In the entries that follow, the lines from the one with "text Ons kenmerk: [248, 270, 1152, 296]" through the one with "text De gemeente" are the ones to write out, exactly and with both ends included. Nothing else should appear.

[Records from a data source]
-----
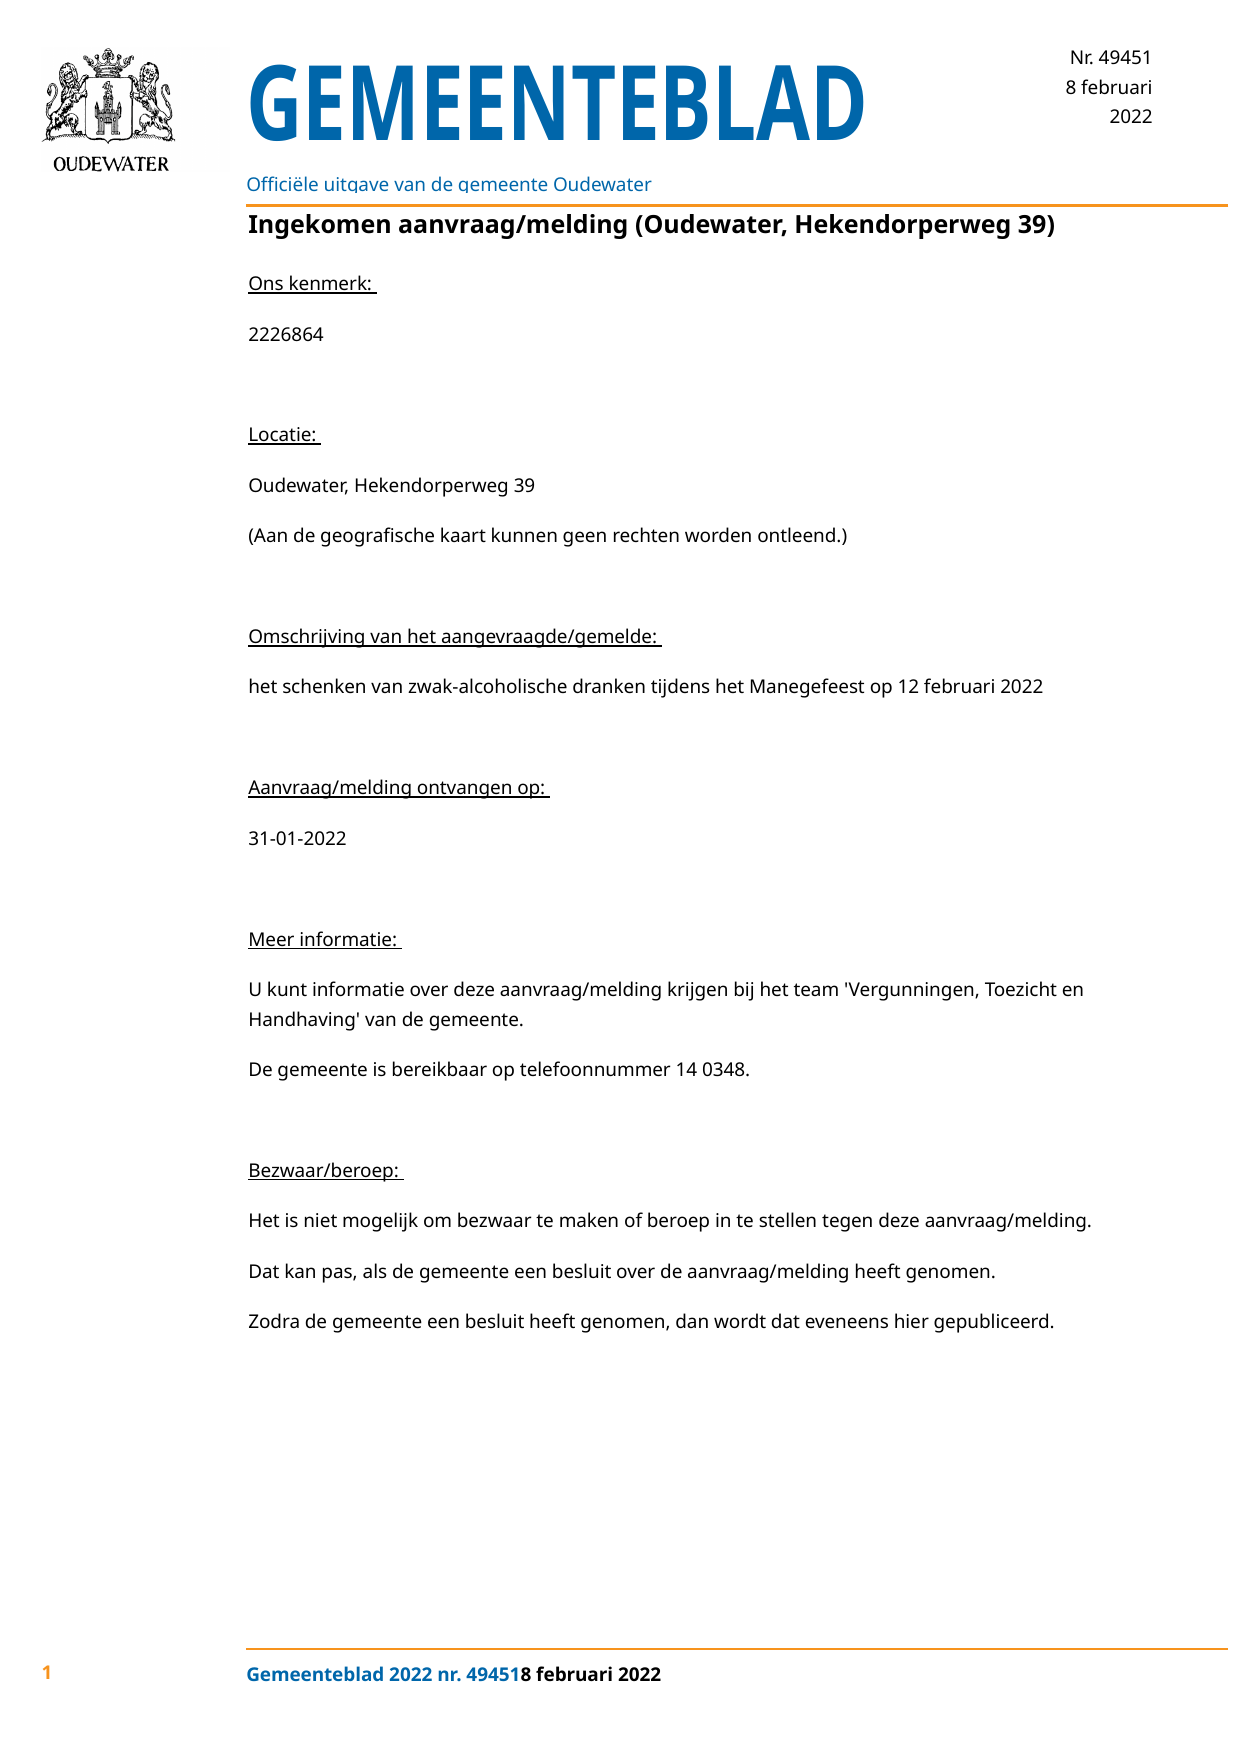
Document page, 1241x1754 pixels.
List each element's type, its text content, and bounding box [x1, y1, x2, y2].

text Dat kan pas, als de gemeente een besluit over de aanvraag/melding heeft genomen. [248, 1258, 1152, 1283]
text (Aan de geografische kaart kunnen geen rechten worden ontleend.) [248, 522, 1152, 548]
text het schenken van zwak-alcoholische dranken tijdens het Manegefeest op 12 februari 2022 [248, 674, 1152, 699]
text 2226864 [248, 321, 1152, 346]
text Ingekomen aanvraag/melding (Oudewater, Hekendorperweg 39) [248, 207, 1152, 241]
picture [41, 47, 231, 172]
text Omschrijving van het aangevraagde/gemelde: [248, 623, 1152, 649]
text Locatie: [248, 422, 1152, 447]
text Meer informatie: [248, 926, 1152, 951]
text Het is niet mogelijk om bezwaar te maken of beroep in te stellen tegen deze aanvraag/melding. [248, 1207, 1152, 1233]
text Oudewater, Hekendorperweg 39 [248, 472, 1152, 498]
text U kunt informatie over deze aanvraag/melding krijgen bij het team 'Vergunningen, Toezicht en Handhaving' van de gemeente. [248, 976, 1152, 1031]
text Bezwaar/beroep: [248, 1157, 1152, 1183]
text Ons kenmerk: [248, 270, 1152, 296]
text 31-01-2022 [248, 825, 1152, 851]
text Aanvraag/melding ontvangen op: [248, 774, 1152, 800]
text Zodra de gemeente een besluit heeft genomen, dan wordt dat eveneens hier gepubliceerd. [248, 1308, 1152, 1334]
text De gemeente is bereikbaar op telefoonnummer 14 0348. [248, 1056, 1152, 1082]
-----
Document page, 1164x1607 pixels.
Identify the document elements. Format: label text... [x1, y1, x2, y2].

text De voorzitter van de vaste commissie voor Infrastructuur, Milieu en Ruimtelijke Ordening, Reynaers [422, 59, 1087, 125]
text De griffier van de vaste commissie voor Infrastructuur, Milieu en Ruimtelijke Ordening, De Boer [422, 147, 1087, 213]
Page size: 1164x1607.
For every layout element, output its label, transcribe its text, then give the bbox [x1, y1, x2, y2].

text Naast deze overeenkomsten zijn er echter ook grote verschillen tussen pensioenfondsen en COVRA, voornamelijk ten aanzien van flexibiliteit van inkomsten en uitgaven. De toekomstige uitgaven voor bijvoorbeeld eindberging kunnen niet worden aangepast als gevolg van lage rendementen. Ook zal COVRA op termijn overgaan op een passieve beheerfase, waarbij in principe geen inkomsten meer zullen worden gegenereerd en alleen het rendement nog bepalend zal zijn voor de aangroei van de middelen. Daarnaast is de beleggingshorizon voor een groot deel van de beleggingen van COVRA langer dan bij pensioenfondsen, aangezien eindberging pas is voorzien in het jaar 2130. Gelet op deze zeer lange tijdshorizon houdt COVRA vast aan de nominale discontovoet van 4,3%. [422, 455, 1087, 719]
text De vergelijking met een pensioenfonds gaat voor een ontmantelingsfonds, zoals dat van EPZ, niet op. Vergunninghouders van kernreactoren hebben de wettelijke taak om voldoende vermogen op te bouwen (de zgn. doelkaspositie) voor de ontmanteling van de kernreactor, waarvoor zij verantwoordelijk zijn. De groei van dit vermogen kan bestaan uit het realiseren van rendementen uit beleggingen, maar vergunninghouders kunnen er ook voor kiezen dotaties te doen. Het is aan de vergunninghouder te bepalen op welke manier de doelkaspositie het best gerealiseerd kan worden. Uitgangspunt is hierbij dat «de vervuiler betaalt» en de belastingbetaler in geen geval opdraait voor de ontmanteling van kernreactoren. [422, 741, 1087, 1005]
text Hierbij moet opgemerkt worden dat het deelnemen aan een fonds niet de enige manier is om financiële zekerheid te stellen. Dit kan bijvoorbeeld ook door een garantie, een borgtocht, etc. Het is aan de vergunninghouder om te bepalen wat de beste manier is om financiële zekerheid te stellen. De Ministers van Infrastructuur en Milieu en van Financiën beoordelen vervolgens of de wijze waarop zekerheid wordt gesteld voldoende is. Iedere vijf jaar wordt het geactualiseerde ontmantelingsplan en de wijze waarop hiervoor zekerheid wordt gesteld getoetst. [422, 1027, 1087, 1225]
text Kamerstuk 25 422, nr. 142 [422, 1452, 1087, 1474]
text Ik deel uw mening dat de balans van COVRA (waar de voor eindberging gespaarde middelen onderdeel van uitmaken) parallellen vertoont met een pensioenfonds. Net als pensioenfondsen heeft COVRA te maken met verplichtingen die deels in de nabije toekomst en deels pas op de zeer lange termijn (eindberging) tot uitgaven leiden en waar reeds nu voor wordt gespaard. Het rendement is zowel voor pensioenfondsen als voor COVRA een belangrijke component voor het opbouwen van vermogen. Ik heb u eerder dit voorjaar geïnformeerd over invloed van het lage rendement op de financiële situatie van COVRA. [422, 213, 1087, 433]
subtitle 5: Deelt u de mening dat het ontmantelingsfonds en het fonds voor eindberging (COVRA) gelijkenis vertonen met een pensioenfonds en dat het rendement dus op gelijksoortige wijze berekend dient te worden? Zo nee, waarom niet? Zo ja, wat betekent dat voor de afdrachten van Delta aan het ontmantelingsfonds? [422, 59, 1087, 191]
-----
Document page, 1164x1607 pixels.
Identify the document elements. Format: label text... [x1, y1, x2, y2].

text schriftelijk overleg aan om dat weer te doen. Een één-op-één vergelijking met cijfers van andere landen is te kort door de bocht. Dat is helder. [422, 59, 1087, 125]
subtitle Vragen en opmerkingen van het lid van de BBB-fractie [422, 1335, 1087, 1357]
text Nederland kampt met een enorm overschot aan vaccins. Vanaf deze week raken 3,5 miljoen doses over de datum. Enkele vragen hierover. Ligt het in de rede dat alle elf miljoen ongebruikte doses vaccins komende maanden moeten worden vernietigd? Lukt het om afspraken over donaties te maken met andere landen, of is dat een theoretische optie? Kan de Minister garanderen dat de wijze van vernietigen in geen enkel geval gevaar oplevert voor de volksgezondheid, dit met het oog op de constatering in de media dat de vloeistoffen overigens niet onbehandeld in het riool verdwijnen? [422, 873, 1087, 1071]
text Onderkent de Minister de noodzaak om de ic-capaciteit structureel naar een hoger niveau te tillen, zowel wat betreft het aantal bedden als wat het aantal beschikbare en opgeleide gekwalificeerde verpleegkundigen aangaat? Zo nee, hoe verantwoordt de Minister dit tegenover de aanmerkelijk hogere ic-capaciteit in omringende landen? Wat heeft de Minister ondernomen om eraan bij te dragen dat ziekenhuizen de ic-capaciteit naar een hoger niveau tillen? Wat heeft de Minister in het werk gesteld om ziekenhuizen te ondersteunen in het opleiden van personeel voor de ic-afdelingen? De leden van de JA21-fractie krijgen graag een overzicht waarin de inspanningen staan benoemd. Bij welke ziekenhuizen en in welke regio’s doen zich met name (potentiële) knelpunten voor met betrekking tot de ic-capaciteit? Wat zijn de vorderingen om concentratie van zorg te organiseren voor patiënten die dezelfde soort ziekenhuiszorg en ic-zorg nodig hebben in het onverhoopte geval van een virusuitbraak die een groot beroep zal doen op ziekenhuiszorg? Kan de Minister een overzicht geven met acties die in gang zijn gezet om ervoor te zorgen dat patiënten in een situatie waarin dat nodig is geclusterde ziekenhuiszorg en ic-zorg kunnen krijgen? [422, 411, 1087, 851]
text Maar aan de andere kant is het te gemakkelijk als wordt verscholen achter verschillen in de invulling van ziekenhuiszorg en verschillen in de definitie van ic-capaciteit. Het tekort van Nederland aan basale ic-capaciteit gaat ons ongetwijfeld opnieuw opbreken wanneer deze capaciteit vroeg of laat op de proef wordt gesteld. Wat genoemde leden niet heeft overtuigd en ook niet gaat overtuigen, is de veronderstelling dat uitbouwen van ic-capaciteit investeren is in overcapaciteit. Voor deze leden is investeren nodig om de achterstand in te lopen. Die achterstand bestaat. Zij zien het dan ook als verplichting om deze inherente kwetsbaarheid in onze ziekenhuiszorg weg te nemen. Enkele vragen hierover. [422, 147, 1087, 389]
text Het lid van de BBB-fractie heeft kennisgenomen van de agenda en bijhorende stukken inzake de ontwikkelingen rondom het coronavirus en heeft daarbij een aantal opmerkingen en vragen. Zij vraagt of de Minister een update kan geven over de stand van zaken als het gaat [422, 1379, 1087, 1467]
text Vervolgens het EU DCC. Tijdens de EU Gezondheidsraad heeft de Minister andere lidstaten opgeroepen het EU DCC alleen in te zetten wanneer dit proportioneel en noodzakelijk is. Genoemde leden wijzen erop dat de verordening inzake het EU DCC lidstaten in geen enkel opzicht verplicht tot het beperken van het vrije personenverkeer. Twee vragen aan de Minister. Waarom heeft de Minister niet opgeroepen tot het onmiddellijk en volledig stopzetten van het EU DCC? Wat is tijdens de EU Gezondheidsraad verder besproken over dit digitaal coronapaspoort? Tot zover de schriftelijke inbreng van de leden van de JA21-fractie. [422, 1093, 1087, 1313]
-----
- _Your response_:
text Ons kenmerk: [248, 270, 1152, 296]
text 31-01-2022 [248, 825, 1152, 851]
text Aanvraag/melding ontvangen op: [248, 774, 1152, 800]
text Zodra de gemeente een besluit heeft genomen, dan wordt dat eveneens hier gepubliceerd. [248, 1308, 1152, 1334]
text De gemeente is bereikbaar op telefoonnummer 14 0348. [248, 1056, 1152, 1082]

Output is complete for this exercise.